RBI Measures To Boost The Sentiments And Help Equity Indices
DSIJ Intelligence / 21 Aug 2013

After witnessing a long haul of downward movement, the equity indices are set to rally today on the back of measures announced by RBI to bail out the banks. Expect a gap up opening today for the Indian indices despite not so conducing scenario on global canvas
It seems that the RBI is not keeping any stone un-turned to rescue the depreciating rupee and its related fall out in the Indian equity markets. In its line of initiatives the RBI announced another list of retrieval measures to bail out the banks. The measures include steps like conducting an open market operation (OMO) to purchase Government bonds. The RBI announced to conduct an OMO to purchase (not sell) government bonds of Rs 8,000 crore from the market on August 23, 2013. However, RBI will purchase only long-term papers including the government securities (GS) offering 8.15 percent rate of interest and maturing in 2022. This would ensure that liquidity
tightening does not harden long-term yields sharply and adversely impact credit flow to the productive sectors of the economy.

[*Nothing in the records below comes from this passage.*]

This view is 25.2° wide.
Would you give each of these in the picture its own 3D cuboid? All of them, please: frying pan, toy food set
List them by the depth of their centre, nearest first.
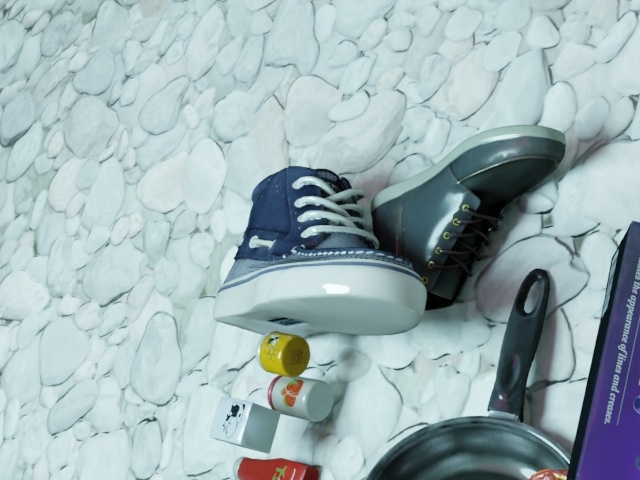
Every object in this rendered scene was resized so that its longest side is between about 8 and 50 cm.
[{"bbox_3d":[0.117,0.181,1.182,0.197,0.053,0.326,-11,51,9],"label":"frying pan"},{"bbox_3d":[-0.072,0.199,1.346,0.104,0.111,0.232,6,76,46],"label":"toy food set"}]

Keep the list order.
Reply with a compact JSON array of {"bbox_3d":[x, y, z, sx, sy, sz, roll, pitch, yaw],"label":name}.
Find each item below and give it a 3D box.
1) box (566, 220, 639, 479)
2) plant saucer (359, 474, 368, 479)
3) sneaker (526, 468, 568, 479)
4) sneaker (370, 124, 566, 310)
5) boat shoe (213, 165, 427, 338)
[{"bbox_3d":[0.271,0.138,0.986,0.184,0.103,0.261,13,75,6],"label":"box"},{"bbox_3d":[0.059,0.300,1.221,0.241,0.037,0.241,-22,55,35],"label":"plant saucer"},{"bbox_3d":[0.219,0.197,1.084,0.175,0.067,0.064,-21,53,19],"label":"sneaker"},{"bbox_3d":[0.138,-0.015,1.286,0.222,0.083,0.118,-30,55,43],"label":"sneaker"},{"bbox_3d":[0.000,0.000,1.312,0.340,0.127,0.158,-11,63,63],"label":"boat shoe"}]
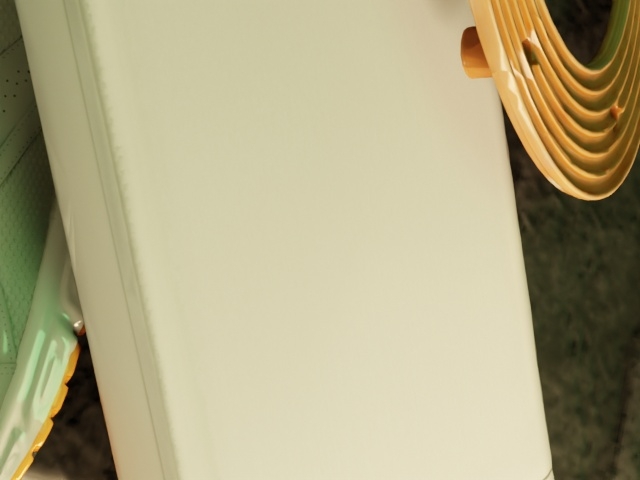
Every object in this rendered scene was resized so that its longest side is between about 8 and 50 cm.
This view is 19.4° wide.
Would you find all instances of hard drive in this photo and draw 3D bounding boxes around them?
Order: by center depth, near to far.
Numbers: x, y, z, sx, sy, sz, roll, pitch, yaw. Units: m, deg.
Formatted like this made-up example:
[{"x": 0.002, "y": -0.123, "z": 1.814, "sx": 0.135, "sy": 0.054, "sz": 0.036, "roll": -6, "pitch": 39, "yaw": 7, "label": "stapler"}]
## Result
[{"x": 0.000, "y": 0.000, "z": 0.737, "sx": 0.233, "sy": 0.047, "sz": 0.353, "roll": -27, "pitch": 112, "yaw": -47, "label": "hard drive"}]

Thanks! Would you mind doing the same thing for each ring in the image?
[{"x": 0.098, "y": -0.185, "z": 0.826, "sx": 0.336, "sy": 0.032, "sz": 0.336, "roll": -3, "pitch": 90, "yaw": -67, "label": "ring"}]

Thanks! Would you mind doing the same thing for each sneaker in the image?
[{"x": -0.138, "y": -0.018, "z": 0.719, "sx": 0.121, "sy": 0.099, "sz": 0.262, "roll": 15, "pitch": 75, "yaw": -9, "label": "sneaker"}]
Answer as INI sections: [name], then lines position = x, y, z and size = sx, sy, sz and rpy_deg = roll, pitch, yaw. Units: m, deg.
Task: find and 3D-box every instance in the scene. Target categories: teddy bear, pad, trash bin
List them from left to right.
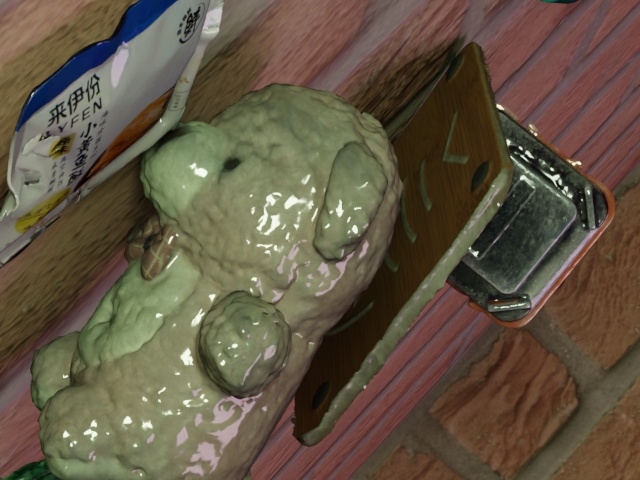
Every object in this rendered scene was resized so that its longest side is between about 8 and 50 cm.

In a second measure The RBI allowed banks to hold Statutory Liquidity Ratio (SLR) bonds in Held to Maturity (HTM) category at 24.5 percent of their respective total deposits. The last measure which we feel is very much positive for the markets is, banks can now spread over the net depreciation, if any, on account of MTM valuation of securities held under AFS/HFT categories over the remaining period of the current financial year (April 01 July 14) in equal installments. With the kind of positive measures announced, we expect the banking stocks to rally today. The moot question is whether it will help to arrest the continuous fall in the leading indices? We feel the measures will not only help the banks, but also help to provide some positivity on the sentiments front.
While this is the story on the domestic front, the global canvass is not that good. The European markets closed on the negative zone and even the DOW could not sustain early gains and closed on a flat note. The Asian peers are also trading in negative zone with Nikkei down (0.75%), Hang Seng Down (1.20%) and Shanghai Composite Down (0.42%). Globally the investors seem to be cautious ahead of the US Fed minutes. However the SCX Nifty is providing strong positive signals and is up by 69 points to trade at 5446.
One can expect a gap up opening today for the equity indices we are also expecting a rally in the bond markets as the traders are exuberant of RBI measures.